DESeq differential expression analysis reveals transcripts enriched in layer 2/3
To determine novel genes enriched in layer 2/3 of developing visual cortex, Sepw1-pure, WT-pure, and Nr5a1-pure RNA sample types were sequenced to a depth ranging from 21–38 million reads (SRA accession number: SRP097635). FastQC reports demonstrated high sequence quality (average per base sequence quality > 30 at all positions) and low duplication rates (>70% remaining after deduplicaton) for all samples after trimming and filtering sequences. Over 90% of reads for all samples uniquely mapped to the mouse genome (Cunningham et al., 2014) using the splice-aware GSNAP (Wu and Nacu, 2010). Mapped sequences that aligned to particular genes were then counted using the python program htseq-count, filtered to remove genes with low reads (Robinson et al., 2010), and normalized to counts per million using the DESeq package (version 1.24.0) in R (Anders and Huber, 2010, 2012). Removing low-count transcripts reduced the total number of genes analyzed by DESeq from 22,078 (entire mouse transcriptome) to 13,849 for the Sepw1-Nr5a1 comparison or 13,891 for the Sepw1-WT comparison.
To approximate expression differences between samples, we generated a multiple dimensional scaling plot using the limma package in R (Ritchie et al., 2015; Law et al., 2016), which revealed the three sample types formed distinct clusters (Fig. 2A). We then performed pairwise comparisons between Sepw1-pure and WT-pure or Sepw1-pure and Nr5a1-pure sample types in DESeq (Anders and Huber, 2012) to determine genes with differential expression. The dispersion values for the filtered count data and fitted curve calculated for the negative binomial statistical model used in DESeq (Anders and Huber, 2012), are shown in Figure 2B (Sepw1 vs Nr5a1) and 2C (Sepw1 vs WT). Genes with DESeq calculated adjusted p > 0.1 were considered differentially expressed between sample types (Fig. 2D,E).

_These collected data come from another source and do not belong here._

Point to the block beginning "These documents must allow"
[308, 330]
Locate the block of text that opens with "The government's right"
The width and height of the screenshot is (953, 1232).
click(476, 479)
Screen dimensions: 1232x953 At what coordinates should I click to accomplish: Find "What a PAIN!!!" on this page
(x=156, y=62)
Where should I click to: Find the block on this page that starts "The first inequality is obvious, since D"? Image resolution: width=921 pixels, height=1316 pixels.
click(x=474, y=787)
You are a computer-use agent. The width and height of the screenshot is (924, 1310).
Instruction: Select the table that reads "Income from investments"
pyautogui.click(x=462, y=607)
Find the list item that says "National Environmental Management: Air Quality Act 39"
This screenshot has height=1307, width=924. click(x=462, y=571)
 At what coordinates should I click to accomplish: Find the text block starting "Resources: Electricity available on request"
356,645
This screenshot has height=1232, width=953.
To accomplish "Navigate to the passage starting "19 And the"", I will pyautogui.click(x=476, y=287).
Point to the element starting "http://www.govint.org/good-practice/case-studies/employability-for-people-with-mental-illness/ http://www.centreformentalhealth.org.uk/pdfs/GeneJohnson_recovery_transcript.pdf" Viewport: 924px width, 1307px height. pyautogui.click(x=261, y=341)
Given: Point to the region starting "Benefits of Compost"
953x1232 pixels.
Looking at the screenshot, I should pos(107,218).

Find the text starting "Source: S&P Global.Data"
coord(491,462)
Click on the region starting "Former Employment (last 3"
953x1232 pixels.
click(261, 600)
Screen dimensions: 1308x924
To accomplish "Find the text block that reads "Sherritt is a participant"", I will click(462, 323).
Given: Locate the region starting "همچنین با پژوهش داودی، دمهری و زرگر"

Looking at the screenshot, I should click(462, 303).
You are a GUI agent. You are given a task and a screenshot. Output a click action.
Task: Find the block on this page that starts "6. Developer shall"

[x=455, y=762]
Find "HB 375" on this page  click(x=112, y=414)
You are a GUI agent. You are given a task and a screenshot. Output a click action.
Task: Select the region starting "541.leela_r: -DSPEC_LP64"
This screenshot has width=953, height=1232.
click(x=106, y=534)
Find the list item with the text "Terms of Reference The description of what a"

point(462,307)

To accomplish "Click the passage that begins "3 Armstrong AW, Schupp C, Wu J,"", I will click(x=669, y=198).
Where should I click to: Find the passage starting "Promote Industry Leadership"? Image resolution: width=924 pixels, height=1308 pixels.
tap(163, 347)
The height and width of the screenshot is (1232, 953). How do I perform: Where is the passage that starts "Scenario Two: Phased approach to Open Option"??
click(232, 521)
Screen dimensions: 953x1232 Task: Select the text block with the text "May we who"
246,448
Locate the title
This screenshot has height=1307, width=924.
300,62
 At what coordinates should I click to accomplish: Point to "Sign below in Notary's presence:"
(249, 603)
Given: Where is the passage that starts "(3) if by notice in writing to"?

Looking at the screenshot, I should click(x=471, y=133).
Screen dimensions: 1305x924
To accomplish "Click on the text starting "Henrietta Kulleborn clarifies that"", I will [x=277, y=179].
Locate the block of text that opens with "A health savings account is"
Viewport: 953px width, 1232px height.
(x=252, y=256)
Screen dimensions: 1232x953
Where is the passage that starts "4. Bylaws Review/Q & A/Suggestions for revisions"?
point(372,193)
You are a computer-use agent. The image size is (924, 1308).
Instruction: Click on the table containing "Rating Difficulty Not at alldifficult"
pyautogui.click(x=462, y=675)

We next analyzed the success of the Sepw1-WT and Sepw1-Nr5a1 comparisons by identifying whether the Sepw1-gene enrichments obtained via DESeq differential expression analysis met experimental expectations. We expected to see an enrichment of genes found in upper cortical layers when Sepw1-pure sample types were compared to WT-pure or Nr5a1-pure sample types. Upper cortical layer-enriched genes can be thought of as our “signal” for this experiment, and genes expressed in lower cortical layers can be thought of as “noise.” For an unbiased description of layer-enriched genes, we used an online transcriptomic atlas of mouse neocortical layers published in Belgard et al. (2011). Although this database was created using adult rather than P12 mice, layer-defining gene expression appears to be relatively consistent after the first postnatal week when neurons have largely finished migrating (Ignacio et al., 1995). With a few exceptions (e.g., Pou3f1), we found similar expression patterns for Sepw1-enriched genes at both P14 and in adult mice after examining Allen Brain Atlas in situs at both time points (Fig. 5B).
Comparing Sepw1-pure samples to WT-pure samples yielded a significant enrichment of genes expressed highly in upper cortical layers (significant differences from resampled estimates; Table 1-1; Table 1; Fig. 3). However, many nonspecific gene enrichments were also produced using this comparison. Of the 1907 Sepw1-enriched genes identified (Table 1-2), only a small fraction show layer 2/3-specific expression, presumably a consequence of the large differences in gene expression found between a heterogeneous populations of cortical cells and the subset of upper layer excitatory neurons we labeled (Chatzi et al., 2016). Transcripts found in all neuronal cells, or with high rates of transcription and/or low transcript half-lives might also be enriched using the WT-pure comparison (see Discussion). We conclude that the Sepw1-pure to WT-pure comparison has limited utility in identifying cell type-enriched gene expression.
Table 1-1
Table 1-2
Table 1-3
Table 1-4
To obtain a greater enrichment of transcripts specific to layer 2/3, we compared Sepw1-pure samples to purified RNA from the Nr5a1-cre line, which sparsely labels cells in layer 4, but little if any in layer 2/3 at P12 (Fig. 1D,F,H). We hypothesized that the comparison of Sepw1-cre labeled RNAs found in layers 2/3 and 4 and Nr5a1-cre-labeled RNAs found only in layer 4, would yield an enrichment of layer 2/3-specific transcripts. As expected, comparing highly similar neuronal cell types (layer 2/3 vs layer 4) produced fewer differentially expressed genes (634 Sepw1-enriched transcripts; Fig. 2D) than comparing less similar Sepw1-pure and WT-pure sample types (1907 Sepw1-enriched transcripts; Fig. 2E). In addition, a much greater proportion of the Sepw1-enriched transcripts from the Sepw1-Nr5a1 comparison (as compared to the Sepw1-WT comparison) overlapped with genes expressed in layer 2/3 neurons (Table 1; Fig. 3C).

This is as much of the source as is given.